Unlike the situation in most randomized controlled trials, the patients included in this study were heterogeneous: 10.1% had previous organ transplantation, 8.1% were positive for liver autoantibodies (classified as overlap syndrome), 19.6% were positive for HBV or HIV serology, 39.9% were non-responders to previous interferon-based therapy and 6.1% had renal impairment. These factors are known to affect the natural history of chronic HCV infection. However, this sample of patients represents what we usually face in real life. If we exclude cases with all the above co-morbidities, our results will only be applicable to patients with isolated HCV infection. As shown in Table 3, sustained responders and relapsers after ETVR were similar regarding transplantation status, BMI, autoantibody status, renal function and HBV or HIV status.

The potential limitations of the current study include the fact that post-treatment biopsy was not done as our main objective was to assess pre-treatment predictors of SVR. There is a solid evidence that SVR is associated with improved outcomes,⁵⁵ stabilization, and/or regression in hepatic fibrosis stage in response to treatment, especially if it associated with viral clearance.^56–58 In addition, assessing the impact of therapy on liver histopathology was beyond the scope of this study. Due to the retrospective nature of the present study, baseline liver biopsy was performed in the majority, but not all cases. Obviously, a better assessment of the predictive role of these two parameters can be done if they were performed in all patients. However, the similarity of the SVR achieved in the present study to what has already been reported by others makes it less likely to substantially affect the results. Another limitation is that patients were followed up for 24 weeks after completion of therapy and thus longer term clinical outcomes could not be determined. Indeed, it has been reported that late relapse may occur after 4 years of completion of interferon therapy.⁵⁹ However, by definition SVR is the persistence of the ETVR for 24 weeks, which was assessed in this study. In addition, early viral kinetics at week 4, which is called rapid virological response (RVR) was not assessed in this study. Indeed, a recently published work from Egypt showed that the duration of combination therapy with PEG-INF alfa-2b and RBV can be shorter treatment for patients who have attained RVR or EVR.⁶⁰ However, the concept of RVR was not entertained at the beginning of our study. This needs to be confirmed in another prospective trial. We have recently published a study involving 335 patients with HCV infection of all genotypes.⁶¹ It showed that the response of genotype 4 patients to combination therapy is more or less similar to genotype 1. Both showed a worse response compared to those infected with genotypes 2 or 3.

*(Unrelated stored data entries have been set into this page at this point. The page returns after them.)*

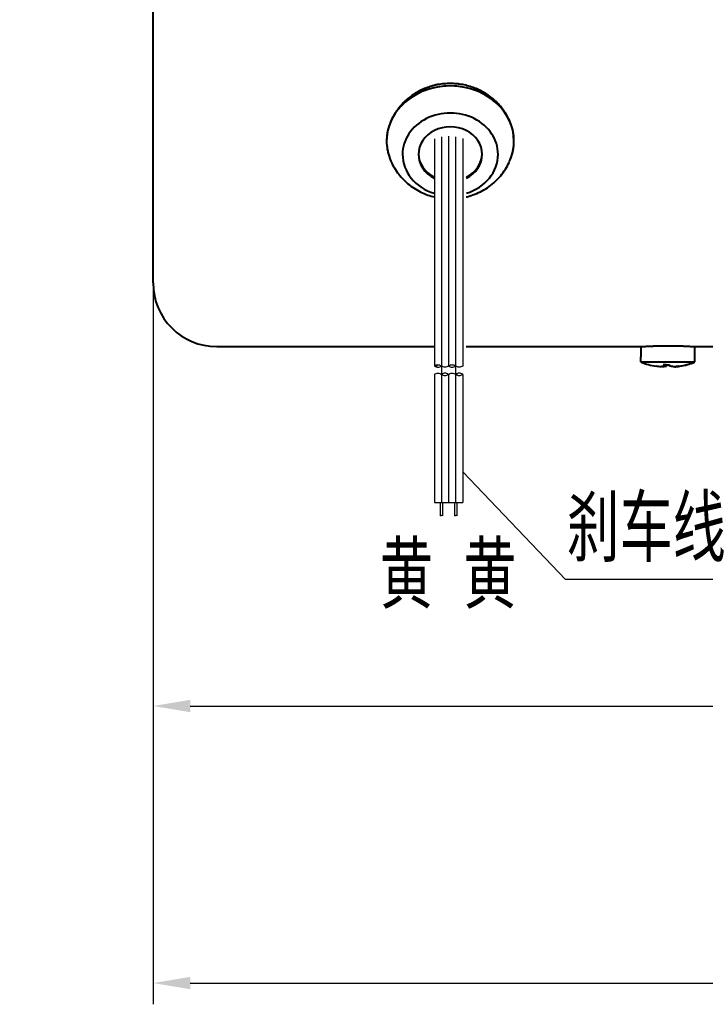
# Model space of a CAD drawing. Header units: inches. Extents: x -753 to 5070, y -3075 to 1581.
# Tile 136 of 178: x 3611 to 3675, y 334 to 427. Entities that reach past the tile are written whole.
import ezdxf

# ---------------------------------------------------------------- set-up
doc = ezdxf.new("R2010")
doc.units = ezdxf.units.IN
doc.header["$LTSCALE"] = 10
doc.header["$MEASUREMENT"] = 0
doc.linetypes.add('CENTER', pattern=[10.16, 6.35, -1.27, 1.27, -1.27])
for name, color, linetype in [('1轮廓实线层', 7, 'Continuous'), ('2细线层', 4, 'Continuous'), ('3中心线层', 1, 'CENTER'), ('5剖面线层', 2, 'Continuous'), ('6文字层', 3, 'Continuous'), ('7标注层', 4, 'Continuous')]:
    doc.layers.add(name, color=color, linetype=linetype)
doc.layers.add('图层2', color=4, linetype='Continuous', lineweight=40)
doc.styles.add('PC_TEXTSTYLE', font='isocp.shx', dxfattribs={"width": 0.8, "bigfont": 'HZFS.SHX'})
doc.styles.add('TH_GBDIM', font='romans.shx', dxfattribs={"width": 0.8, "bigfont": 'gbcbig.shx'})
doc.dimstyles.new('TH_GBDIM', dxfattribs={"dimtxt": 3.5, "dimasz": 2.5, "dimexe": 2, "dimexo": 0, "dimgap": 1, "dimtad": 1, "dimdec": 4, "dimdsep": 46, "dimtxsty": 'TH_GBDIM', "dimcen": 0.09, "dimclrd": 4, "dimclre": 4, "dimclrt": 3, "dimadec": 0, "dimazin": 0, "dimtfac": 1, "dimtdec": 4, "dimtmove": 0, "dimatfit": 3, "dimfxl": 1, "dimtzin": 0, "dimarcsym": 0})

# ---------------------------------------------------------------- blocks, each defined once
blk = doc.blocks.new('*D27')
at = {"layer": '7标注层', "color": 4, "lineweight": -2, "transparency": 16777216}
for p, q in [((3623.297, 453.116), (3623.297, 333.935)), ((3870.796, 453.116), (3870.796, 333.935)), ((3626.797, 335.935), (3867.296, 335.935))]:
    blk.add_line(p, q, dxfattribs=at)
at = {"layer": '7标注层', "color": 4, "transparency": 16777216}
for points in [[(3626.797, 336.518), (3626.797, 335.352), (3623.297, 335.935)], [(3867.296, 336.518), (3867.296, 335.352), (3870.796, 335.935)]]:
    blk.add_solid(points, dxfattribs=at)
at = {"layer": 'Defpoints', "color": 0, "transparency": 16777216}
for p in [(3623.297, 453.116), (3870.796, 453.116), (3870.796, 335.935)]:
    blk.add_point(p, dxfattribs=at)
at = {"layer": '7标注层', "color": 3, "transparency": 16777216, "insert": (3747.796, 339.685), "char_height": 5.5, "attachment_point": 5, "style": 'TH_GBDIM'}
blk.add_mtext('247.5', dxfattribs=at)
blk = doc.blocks.new('*D231')
at = {"layer": '7标注层', "color": 4, "lineweight": -2, "transparency": 16777216}
for p, q in [((3750.797, 474.691), (3750.797, 360.057)), ((3623.297, 453.116), (3623.297, 360.057)), ((3626.797, 362.057), (3747.297, 362.057))]:
    blk.add_line(p, q, dxfattribs=at)
at = {"layer": '7标注层', "color": 4, "transparency": 16777216}
for points in [[(3626.797, 362.64), (3626.797, 361.474), (3623.297, 362.057)], [(3747.297, 362.64), (3747.297, 361.474), (3750.797, 362.057)]]:
    blk.add_solid(points, dxfattribs=at)
at = {"layer": 'Defpoints', "color": 0, "transparency": 16777216}
for p in [(3750.797, 474.691), (3623.297, 453.116), (3750.797, 362.057)]:
    blk.add_point(p, dxfattribs=at)
at = {"layer": '7标注层', "color": 3, "transparency": 16777216, "insert": (3687.047, 365.807), "char_height": 5.5, "attachment_point": 5, "style": 'TH_GBDIM'}
blk.add_mtext('127.5', dxfattribs=at)

msp = doc.modelspace()

# ---------------------------------------------------------------- hatches: boundary and pattern name
at = {"layer": '5剖面线层'}
h = msp.add_hatch(dxfattribs=at)
h.set_pattern_fill('ANSI31', color=256, scale=0.444444, angle=90, style=0)
h.set_pattern_definition([(45, (3547.2263, 283.3367), (0.997805, -0.997805), [])])
edge = h.paths.add_edge_path()
edge.add_spline(control_points=[(3650.464, 394.102), (3650.352, 394.157), (3650.13, 394.269), (3649.908, 394.157), (3649.797, 394.102)], knot_values=[0, 0, 0, 0, 0.351364, 0.702728, 0.702728, 0.702728, 0.702728], degree=3, periodic=0)
edge.add_spline(control_points=[(3649.797, 394.102), (3649.908, 394.046), (3650.13, 393.935), (3650.352, 394.046), (3650.464, 394.102)], knot_values=[0, 0, 0, 0, 0.351364, 0.702728, 0.702728, 0.702728, 0.702728], degree=3, periodic=0)
h = msp.add_hatch(dxfattribs=at)
h.set_pattern_fill('ANSI31', color=256, scale=0.444444, angle=90, style=0)
h.set_pattern_definition([(45, (3545.893, 283.3367), (0.997805, -0.997805), [])])
edge = h.paths.add_edge_path()
edge.add_spline(control_points=[(3651.797, 393.324), (3651.908, 393.269), (3652.13, 393.157), (3652.352, 393.269), (3652.464, 393.324)], knot_values=[0, 0, 0, 0, 0.351364, 0.702728, 0.702728, 0.702728, 0.702728], degree=3, periodic=0)
edge.add_spline(control_points=[(3652.464, 393.324), (3652.352, 393.38), (3652.13, 393.491), (3651.908, 393.38), (3651.797, 393.324)], knot_values=[0, 0, 0, 0, 0.351364, 0.702728, 0.702728, 0.702728, 0.702728], degree=3, periodic=0)

# ---------------------------------------------------------------- linework, layer by layer
at = {"color": 4}
msp.add_line((3678.612, 373.987), (3662.143, 373.987), dxfattribs=at)
at = {"layer": '1轮廓实线层'}
for p, q in [((3649.797, 415.538), (3649.797, 394.102)), ((3651.13, 415.767), (3651.13, 394.102)), ((3652.464, 415.56), (3652.464, 394.102)), ((3649.797, 393.324), (3649.797, 381.253)), ((3651.13, 393.324), (3651.13, 381.253)), ((3652.464, 393.324), (3652.464, 381.253)), ((3649.797, 381.253), (3652.464, 381.253)), ((3650.341, 381.253), (3650.341, 379.995)), ((3650.563, 381.253), (3650.563, 379.995)), ((3651.689, 381.253), (3651.689, 379.995)), ((3651.911, 381.253), (3651.911, 379.995))]:
    msp.add_line(p, q, dxfattribs=at)
for points in [[(3650.464, 394.102), (3650.13, 394.213), (3649.797, 394.102)], [(3649.797, 394.102), (3650.13, 393.991), (3650.464, 394.102)], [(3651.13, 394.102), (3650.797, 393.991), (3650.464, 394.102)], [(3651.797, 394.102), (3651.464, 394.213), (3651.13, 394.102)], [(3651.13, 394.102), (3651.464, 393.991), (3651.797, 394.102)], [(3652.464, 394.102), (3652.13, 393.991), (3651.797, 394.102)], [(3649.797, 393.324), (3650.13, 393.435), (3650.464, 393.324)], [(3651.13, 393.324), (3650.797, 393.435), (3650.464, 393.324)], [(3650.464, 393.324), (3650.797, 393.213), (3651.13, 393.324)], [(3651.13, 393.324), (3651.464, 393.435), (3651.797, 393.324)], [(3652.464, 393.324), (3652.13, 393.435), (3651.797, 393.324)], [(3651.797, 393.324), (3652.13, 393.213), (3652.464, 393.324)]]:
    msp.add_spline(points, degree=3, dxfattribs=at)
at = {"layer": '2细线层'}
for points in [[(3650.563, 379.995), (3650.457, 380.018), (3650.36, 379.974), (3650.341, 379.995)], [(3651.911, 379.995), (3651.805, 380.018), (3651.708, 379.974), (3651.689, 379.995)]]:
    msp.add_spline(points, degree=3, dxfattribs=at)
at = {"layer": '3中心线层'}
for p, q in [((3650.464, 415.708), (3650.464, 389.069)), ((3651.797, 415.719), (3651.797, 389.069)), ((3650.464, 394.102), (3650.464, 381.253)), ((3651.797, 394.102), (3651.797, 381.253))]:
    msp.add_line(p, q, dxfattribs=at)
at = {"layer": '7标注层'}
msp.add_lwpolyline([(3652.464, 384.13), (3662.143, 373.987)], dxfattribs=at)
at = {"layer": '图层2', "color": 0}
for p, q in [((3623.297, 401.941), (3623.297, 467.441)), ((3629.297, 395.941), (3649.797, 395.941)), ((3652.797, 395.941), (3669.247, 395.941)), ((3669.247, 395.941), (3669.247, 394.966)), ((3674.315, 395.941), (3676.297, 395.941)), ((3674.347, 394.966), (3674.347, 395.943)), ((3669.249, 394.966), (3669.247, 394.966)), ((3669.249, 394.491), (3669.249, 394.966)), ((3674.291, 394.966), (3674.291, 394.491)), ((3674.347, 394.966), (3674.291, 394.966)), ((3674.345, 394.491), (3674.345, 394.966)), ((3669.249, 394.491), (3674.291, 394.491))]:
    msp.add_line(p, q, dxfattribs=at)
msp.add_arc((3629.297, 401.941), 6, 180, 270, dxfattribs=at)
for centre, major_axis, ratio, start_param, end_param in [((3651.297, 415.316), (-6, 0), 0.866025, 3.141593, 6.283185), ((3651.297, 415.316), (6, 0), 0.866025, 0, 3.141593), ((3651.297, 415.316), (6, 0), 0.866025, 0, 3.141593), ((3651.297, 414.066), (4.5, 0), 0.866025, 0, 3.141593), ((3651.297, 414.066), (4.5, 0), 0.866025, 0, 3.141593), ((3651.297, 414.066), (3, 0), 0.866025, 0, 3.141593), ((3651.297, 414.066), (3, 0), 0.866025, 0, 3.141593), ((3651.297, 415.316), (-6, 0), 0.866025, 0, 0.318823), ((3651.297, 415.316), (6, 0), 0.866025, 3.141593, 3.438277), ((3651.297, 415.316), (6, 0), 0.866025, 3.141593, 3.438277), ((3651.297, 415.316), (-6, 0), 0.866025, 2.795036, 3.141593), ((3651.297, 415.316), (6, 0), 0.866025, 5.985618, 6.283185), ((3651.297, 415.316), (6, 0), 0.866025, 5.985618, 6.283185), ((3651.297, 414.066), (4.5, 0), 0.866025, 3.141593, 4.371624), ((3651.297, 414.066), (4.5, 0), 0.866025, 3.141593, 4.371624), ((3651.297, 414.166), (-3, 0), 0.866025, 0.01934, 1.039573), ((3651.297, 414.066), (3, 0), 0.866025, 3.141593, 4.182245), ((3651.297, 414.066), (3, 0), 0.866025, 3.141593, 4.182245), ((3651.297, 414.066), (4.5, 0), 0.866025, 5.056295, 6.283185), ((3651.297, 414.066), (4.5, 0), 0.866025, 5.056295, 6.283185), ((3651.297, 414.066), (3, 0), 0.866025, 5.243613, 6.283185), ((3651.297, 414.066), (3, 0), 0.866025, 5.243613, 6.283185), ((3651.297, 414.166), (-3, 0), 0.866025, 2.102707, 3.12235), ((3671.77, 400.741), (0, 6.742), 0.996514, 2.756944, 2.980879), ((3671.98, 398.902), (6.081, 0.606), 0.764193, 4.58149, 4.628733), ((3671.77, 400.741), (0, 6.742), 0.996514, 3.301833, 3.526241), ((3671.823, 400.741), (0, -6.742), 0.996514, 0.163379, 0.384649)]:
    msp.add_ellipse(centre, major_axis=major_axis, ratio=ratio, start_param=start_param, end_param=end_param, dxfattribs=at)
for points, knots in [([(3657.297, 415.316), (3657.297, 415.486), (3657.287, 415.657), (3657.263, 415.872), (3657.257, 415.915), (3657.245, 416.001), (3657.225, 416.13), (3657.2, 416.258), (3657.142, 416.512), (3657.047, 416.848), (3656.915, 417.177), (3656.802, 417.422), (3656.762, 417.503), (3656.677, 417.664), (3656.632, 417.743), (3656.493, 417.978), (3656.291, 418.282), (3656.059, 418.568), (3655.872, 418.776), (3655.808, 418.844), (3655.709, 418.944), (3655.676, 418.977), (3655.608, 419.043), (3655.573, 419.076), (3655.398, 419.237), (3655.253, 419.358), (3654.95, 419.588), (3654.794, 419.696), (3654.469, 419.898), (3654.301, 419.992), (3654.084, 420.101), (3654.04, 420.122), (3653.952, 420.164), (3653.907, 420.184), (3653.773, 420.243), (3653.683, 420.281), (3653.411, 420.387), (3653.042, 420.511), (3652.663, 420.6), (3652.374, 420.655), (3652.277, 420.671), (3652.13, 420.691), (3652.081, 420.697), (3651.983, 420.709), (3651.934, 420.714), (3651.687, 420.737), (3651.491, 420.746), (3651.099, 420.746), (3650.904, 420.737), (3650.514, 420.7), (3650.319, 420.673), (3650.077, 420.628), (3650.028, 420.618), (3649.932, 420.598), (3649.787, 420.565), (3649.645, 420.528), (3649.363, 420.447), (3648.995, 420.323), (3648.641, 420.166), (3648.381, 420.036), (3648.295, 419.991), (3648.168, 419.92), (3648.126, 419.896), (3648.043, 419.846), (3648.001, 419.821), (3647.797, 419.694), (3647.64, 419.585), (3647.338, 419.356), (3647.193, 419.235), (3646.917, 418.98), (3646.785, 418.846), (3646.628, 418.671), (3646.597, 418.636), (3646.536, 418.565), (3646.447, 418.458), (3646.362, 418.348), (3646.199, 418.126), (3645.998, 417.823), (3645.83, 417.505), (3645.717, 417.26), (3645.682, 417.178), (3645.615, 417.011), (3645.584, 416.928), (3645.498, 416.677), (3645.403, 416.34), (3645.345, 416.001), (3645.316, 415.745), (3645.309, 415.659), (3645.302, 415.531), (3645.3, 415.488), (3645.297, 415.402), (3645.297, 415.359), (3645.297, 415.316)], [0, 0, 0, 0, 0.03125, 0.03125, 0.039063, 0.039063, 0.046875, 0.0625, 0.0625, 0.09375, 0.125, 0.125, 0.140625, 0.140625, 0.15625, 0.15625, 0.1875, 0.21875, 0.21875, 0.234375, 0.234375, 0.242188, 0.242188, 0.25, 0.25, 0.28125, 0.28125, 0.3125, 0.3125, 0.34375, 0.34375, 0.351563, 0.351563, 0.359375, 0.359375, 0.375, 0.375, 0.40625, 0.4375, 0.4375, 0.453125, 0.453125, 0.460938, 0.460938, 0.46875, 0.46875, 0.5, 0.5, 0.53125, 0.53125, 0.5625, 0.5625, 0.570313, 0.570313, 0.578125, 0.59375, 0.59375, 0.625, 0.65625, 0.65625, 0.671875, 0.671875, 0.679688, 0.679688, 0.6875, 0.6875, 0.71875, 0.71875, 0.75, 0.75, 0.78125, 0.78125, 0.789063, 0.789063, 0.796875, 0.8125, 0.8125, 0.84375, 0.875, 0.875, 0.890625, 0.890625, 0.90625, 0.90625, 0.9375, 0.96875, 0.96875, 0.984375, 0.984375, 0.992188, 0.992188, 1, 1, 1, 1]), ([(3645.568, 413.801), (3645.591, 413.725), (3645.688, 413.426), (3645.937, 412.93), (3646.316, 412.33), (3646.772, 411.782), (3647.294, 411.289), (3647.875, 410.859), (3648.509, 410.499), (3649.154, 410.228), (3649.591, 410.098), (3649.796, 410.048)], [0, 0, 0, 0, 0.040502, 0.16103, 0.281655, 0.402618, 0.524135, 0.646383, 0.769487, 0.893513, 1, 1, 1, 1]), ([(3645.568, 413.801), (3645.591, 413.725), (3645.688, 413.426), (3645.937, 412.93), (3646.316, 412.33), (3646.772, 411.782), (3647.294, 411.289), (3647.875, 410.859), (3648.509, 410.499), (3649.154, 410.228), (3649.591, 410.098), (3649.796, 410.048)], [0, 0, 0, 0, 0.040502, 0.16103, 0.281655, 0.402618, 0.524135, 0.646383, 0.769487, 0.893513, 1, 1, 1, 1]), ([(3652.798, 410.048), (3652.829, 410.056), (3653.106, 410.125), (3653.62, 410.292), (3654.31, 410.614), (3654.954, 411.019), (3655.54, 411.498), (3656.057, 412.045), (3656.495, 412.65), (3656.819, 413.237), (3656.97, 413.629), (3657.024, 413.795)], [0, 0, 0, 0, 0.016012, 0.144558, 0.273294, 0.401966, 0.5303, 0.658031, 0.784935, 0.91086, 1, 1, 1, 1]), ([(3652.798, 410.048), (3652.829, 410.056), (3653.106, 410.125), (3653.62, 410.292), (3654.31, 410.614), (3654.954, 411.019), (3655.54, 411.498), (3656.057, 412.045), (3656.495, 412.65), (3656.819, 413.237), (3656.97, 413.629), (3657.024, 413.795)], [0, 0, 0, 0, 0.016012, 0.144558, 0.273294, 0.401966, 0.5303, 0.658031, 0.784935, 0.91086, 1, 1, 1, 1]), ([(3669.247, 395.941), (3669.247, 395.941), (3669.255, 395.942), (3669.292, 395.944), (3669.332, 395.947), (3669.363, 395.948), (3669.369, 395.949), (3669.382, 395.95), (3669.389, 395.95), (3669.41, 395.951), (3669.425, 395.952), (3669.473, 395.955), (3669.544, 395.959), (3669.63, 395.964), (3669.699, 395.968), (3669.735, 395.97), (3669.773, 395.972), (3669.799, 395.973), (3669.812, 395.974), (3669.879, 395.977), (3669.991, 395.983), (3670.176, 395.991), (3670.31, 395.996), (3670.414, 396), (3670.45, 396.002), (3670.522, 396.004), (3670.558, 396.005), (3670.668, 396.009), (3670.819, 396.013), (3670.975, 396.016), (3671.095, 396.019), (3671.135, 396.019), (3671.217, 396.021), (3671.258, 396.021), (3671.381, 396.023), (3671.546, 396.024), (3671.795, 396.025), (3671.962, 396.025), (3672.067, 396.024), (3672.088, 396.024), (3672.129, 396.024), (3672.192, 396.023), (3672.253, 396.022), (3672.376, 396.021), (3672.537, 396.018), (3672.694, 396.015), (3672.81, 396.012), (3672.848, 396.011), (3672.905, 396.009), (3672.924, 396.009), (3672.962, 396.007), (3673.055, 396.005), (3673.215, 395.999), (3673.416, 395.991), (3673.54, 395.986), (3673.629, 395.982), (3673.658, 395.98), (3673.714, 395.977), (3673.741, 395.976), (3673.821, 395.972), (3673.919, 395.967), (3674.005, 395.962), (3674.064, 395.959), (3674.083, 395.957), (3674.119, 395.955), (3674.136, 395.954), (3674.184, 395.951), (3674.241, 395.948), (3674.281, 395.945), (3674.306, 395.944), (3674.316, 395.943), (3674.325, 395.942), (3674.33, 395.942), (3674.332, 395.942), (3674.343, 395.941), (3674.347, 395.941), (3674.347, 395.941), (3674.347, 395.941)], [0, 0, 0, 0, 0.031247, 0.062494, 0.093741, 0.093741, 0.101553, 0.101553, 0.109365, 0.109365, 0.124988, 0.124988, 0.156235, 0.187482, 0.187482, 0.203106, 0.210918, 0.210918, 0.218729, 0.218729, 0.249977, 0.281224, 0.312471, 0.312471, 0.328094, 0.328094, 0.343718, 0.343718, 0.374965, 0.406212, 0.406212, 0.421835, 0.421835, 0.437459, 0.437459, 0.468706, 0.499953, 0.5312, 0.5312, 0.539012, 0.539012, 0.546824, 0.562447, 0.562447, 0.593694, 0.624941, 0.624941, 0.640565, 0.640565, 0.648377, 0.648377, 0.656188, 0.687436, 0.718683, 0.74993, 0.74993, 0.765553, 0.765553, 0.781177, 0.781177, 0.812424, 0.843671, 0.843671, 0.859294, 0.859294, 0.874918, 0.874918, 0.906165, 0.937412, 0.937412, 0.953036, 0.960847, 0.960847, 0.968659, 0.968659, 0.999906, 1, 1, 1, 1]), ([(3671.45, 394.104), (3671.399, 394.087), (3671.349, 394.074), (3671.252, 394.054), (3671.204, 394.047), (3671.157, 394.043)], [0, 0, 0, 0, 0.5, 0.5, 1, 1, 1, 1]), ([(3671.261, 394.043), (3671.326, 394.048), (3671.392, 394.055), (3671.524, 394.077), (3671.59, 394.091), (3671.657, 394.108)], [0, 0, 0, 0, 0.5, 0.5, 1, 1, 1, 1]), ([(3672.333, 394.043), (3672.269, 394.047), (3672.203, 394.054), (3672.071, 394.076), (3672.005, 394.089), (3671.938, 394.106)], [0, 0, 0, 0, 0.5, 0.5, 1, 1, 1, 1]), ([(3672.842, 394.085), (3672.758, 394.074), (3672.674, 394.065), (3672.504, 394.051), (3672.419, 394.046), (3672.333, 394.043)], [0, 0, 0, 0, 0.5, 0.5, 1, 1, 1, 1])]:
    msp.add_open_spline(points, degree=3, knots=knots, dxfattribs=at)
for points, degree in [([(3671.157, 394.043), (3671.001, 394.049), (3670.847, 394.064), (3670.695, 394.085)], 3), ([(3671.368, 394.217), (3671.393, 394.173), (3671.421, 394.135), (3671.45, 394.104)], 3), ([(3671.646, 394.215), (3671.553, 394.214), (3671.46, 394.215), (3671.368, 394.217)], 3), ([(3671.464, 394.215), (3671.45, 394.104)], 1), ([(3671.667, 394.265), (3671.657, 394.108)], 1), ([(3671.93, 394.264), (3671.938, 394.106)], 1), ([(3671.938, 394.106), (3671.938, 394.138), (3671.937, 394.176), (3671.934, 394.22)], 3), ([(3672.437, 394.043), (3672.598, 394.05), (3672.758, 394.065), (3672.916, 394.088)], 3)]:
    msp.add_open_spline(points, degree=degree, dxfattribs=at)

# ---------------------------------------------------------------- texts
at = {"layer": '6文字层', "insert": (3457.266, 402.996), "char_height": 7.04396, "width": 122.53347, "attachment_point": 1, "style": 'PC_TEXTSTYLE'}
msp.add_mtext('{\\C3;输出转矩N.m(允许最大输出扭矩8N.m)}', dxfattribs=at)
at = {"layer": '6文字层', "color": 7, "char_height": 6.25, "width": 37.44259, "attachment_point": 1, "style": 'PC_TEXTSTYLE'}
for s, insert in [('{\\C3;刹车线}', (3662.248, 381.882)), ('{\\C3;黄 黄}', (3644.665, 377.498))]:
    msp.add_mtext(s, dxfattribs=dict(at, insert=insert))

# ---------------------------------------------------------------- dimensions: what is measured, and where the dimension line sits
at = {"layer": '7标注层'}
for base, p2, picture, middle in [((3750.797, 362.057), (3750.797, 474.691), '*D231', (3687.047, 362.057)), ((3870.796, 335.935), (3870.796, 453.116), '*D27', (3747.796, 335.935))]:
    dim = msp.add_linear_dim(base=base, p1=(3623.297, 453.116), p2=p2, dimstyle='TH_GBDIM', override={"dimtxt": 5.5, "dimasz": 3.5, "dimdec": 1, "dimadec": 1}, dxfattribs=at)
    dim.commit()
    dim.dimension.update_dxf_attribs({"geometry": picture, "text_midpoint": middle, "dimtype": 160})

doc.saveas('drawing.dxf')

In conclusion, combination therapy with PEG-INF alfa-2a and RBV, if tolerated and completed, is effective in treating chronic HCV-4 patients especially if they are younger than 40 years of age, have no previous interferon therapy and have lower pre-treatment AST levels. Attempts to improve adherence to therapy and the early detection together with treatment of complications are needed to achieve better response to therapy. Further studies addressing other potential predictors of SVR in chronic HCV-4 patients such as the IP10, insulin resistance, HCV-4 subtype heterogeneity are warranted.